The most credible medical and psychological peers consider SELF RELIANCE and equal standards of access and protection towards any given individual regardless of their supposed condition FIRST.
None would support abuses through the government,denial of humanity, nor standards in the law that KEPT a competent and even talented person from whatever their interests and abilities could take them.
In other words, your statement is without facts, and you come bearing false compassion.
It doesn’t make sense to ‘treat’ an individual, because of their sexual orientation, with oppressive laws that deny them their identity and civil rights.
A gay person shouldn’t have to make a case for such things to begin with. Nobody ELSE has to.
justaguy,
why do they need to be cured?
justaguy, is this how you want it to be?
Let me know when you find the gene that makes heterosexuals.
Hint: there isn’t one.
Let me know when you find the evidence that fixing something that isn’t broekn works.
Hint: there isn’t any.
justaguy may actually be justatroll.
The point I am making is that no one really knows what causes someone to have a particular sexual orientation. (The fact that something is “universal” says nothing about its causes.) There is evidence of differences in the brain structures between some gays and straights, but that, of course, may be an effect rather than a cause of homosexuality, or it may be a comorbid trait from an unidentified cause (e.g., hormonal imbalance). Or maybe the changed brain structure is irrelevant–no one really knows. Additionally, the psychological principle of conditioning has shown that when a particular behavior elicits a reward, the behavior will increase and be craved–I don’t think it has been proven that this principle does not apply to sexuality. And who can say why anyone finds something in particular erotic, or where that desire comes from. Modern mental-health sciences often focus on subconscious conflicts that cause overt behaviors; I believe the theory is that the behavior is a means of dealing with the subconscious conflict. It is thus in keeping with all of these scientific principles to hypothesize that homosexual acts are an overt representation of a deep inner struggle–e.g., a man who was deeply wounded by rejection from his father engages in homosexual acts to try to heal that wound. (On this point, I found it interesting to learn from “The Kids are Alright,” and news articles related to it, that lesbians like to watch gay male porn. If that is true, one might hypothesize without violating any scientific principles that women who identify as lesbians but watch gay male porn are expressing their sexual desire for men in way that is psychologically safe for them.)

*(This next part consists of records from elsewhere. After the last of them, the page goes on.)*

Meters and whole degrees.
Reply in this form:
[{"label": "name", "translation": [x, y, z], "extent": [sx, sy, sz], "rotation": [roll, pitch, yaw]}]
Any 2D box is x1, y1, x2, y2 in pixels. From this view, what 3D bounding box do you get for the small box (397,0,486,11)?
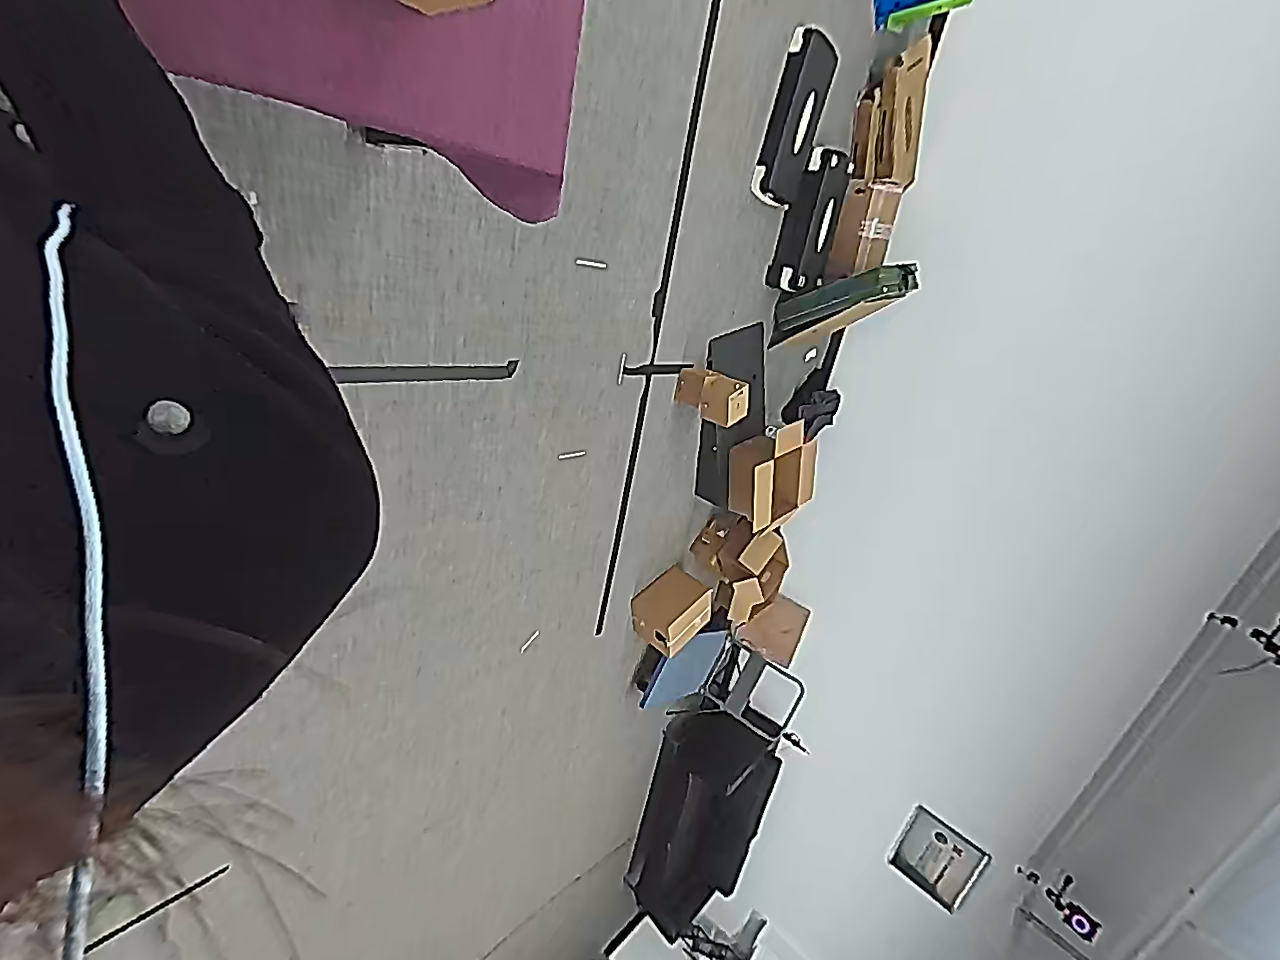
[{"label": "small box", "translation": [-0.283, -0.683, 0.622], "extent": [0.168, 0.176, 0.179], "rotation": [-15, 124, -47]}]
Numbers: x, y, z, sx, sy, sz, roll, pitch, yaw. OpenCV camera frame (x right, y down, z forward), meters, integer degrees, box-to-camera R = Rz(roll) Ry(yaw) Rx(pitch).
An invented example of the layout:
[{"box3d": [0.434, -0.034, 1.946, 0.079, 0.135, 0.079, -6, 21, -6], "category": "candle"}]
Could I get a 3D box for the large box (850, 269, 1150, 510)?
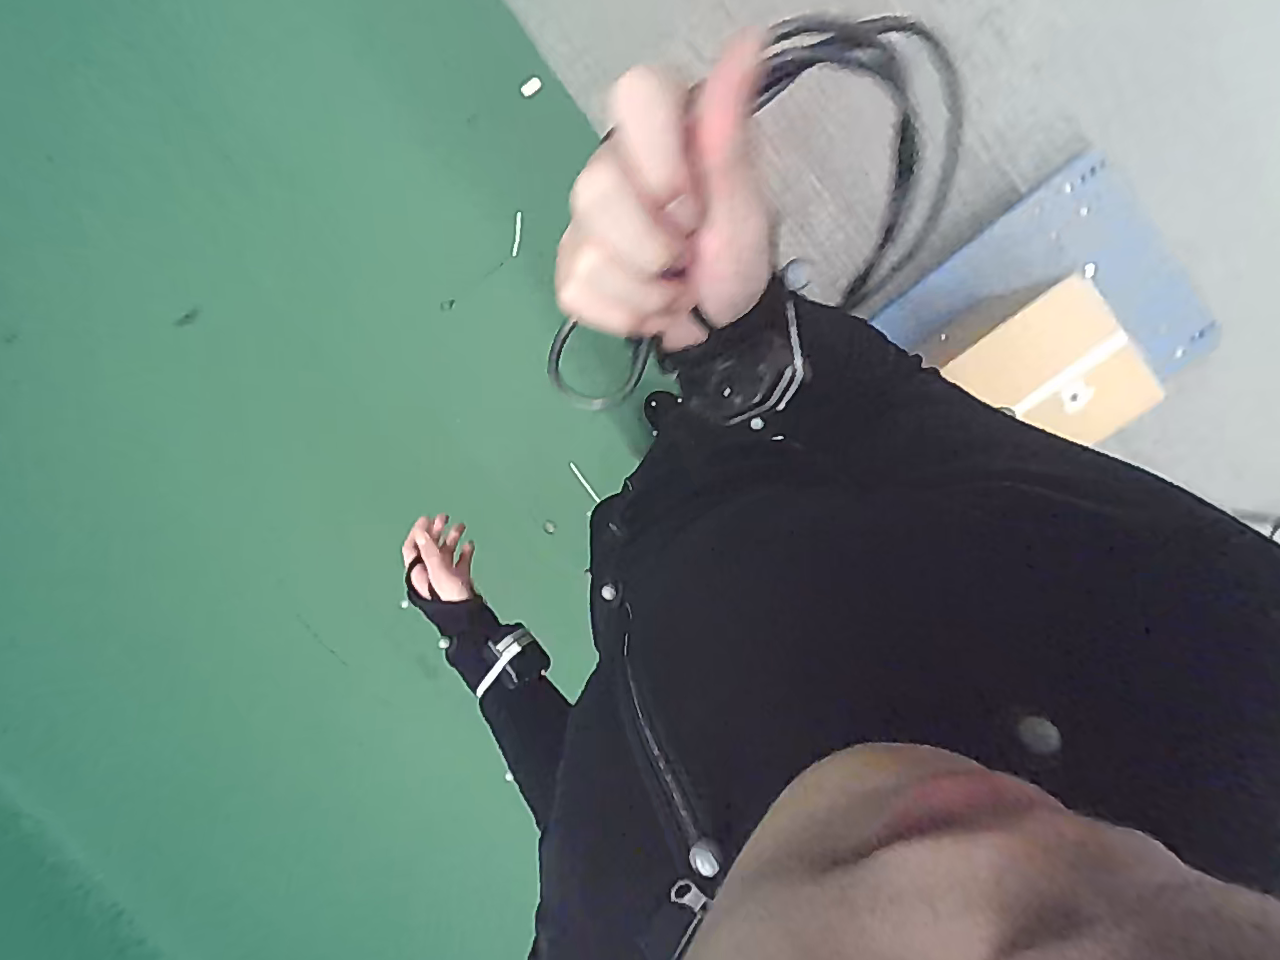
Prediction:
[{"box3d": [0.774, -0.193, 1.233, 0.408, 0.320, 0.320, -38, 96, 8], "category": "large box"}]

While no one knows what causes heterosexuality as well, heterosexuality has several things going for it that homosexuality doesn’t. It is the predominant sexuality, so the majority of people can relate to it. Heterosexuality also leads to reproduction, which homosexuality never can. And because of its reproductive function, heterosexuality has historically been promoted by societies around the world. And homosexuality is associated with a greater incidence of mental illness (this may be an effect of discrimination and oppression or it may be a comorbid phenomenon tending to indicate that homosexuality is in fact an emotional or psychological disturbance).
How to respond to homosexual impulses and desires should always be left up to the individual, in my opinion. It seems reasonable to me that many homosexually oriented people would want to try to find a way to deal with these impulses other than by acting on them and politically identifying themselves as “gay.” Others, of course, decide to embrace a homosexual orientation, regardless of cause, and I don’t think they should be discriminated against. I’m just not convinced, given the inherent differences between homosexual and heterosexual relationships, especially in the area of reproduction, that it is unreasonable for society to decide to call one a “marriage” and another a “domestic partnership.” Nor do I find it particularly troubling that a male-female marital relationship is accorded particular tax breaks, since these people, by and large, bear the burden of raising the next generation. Other than that benefit, I’m not sure that there should be any other legal differences between the two types of relationships.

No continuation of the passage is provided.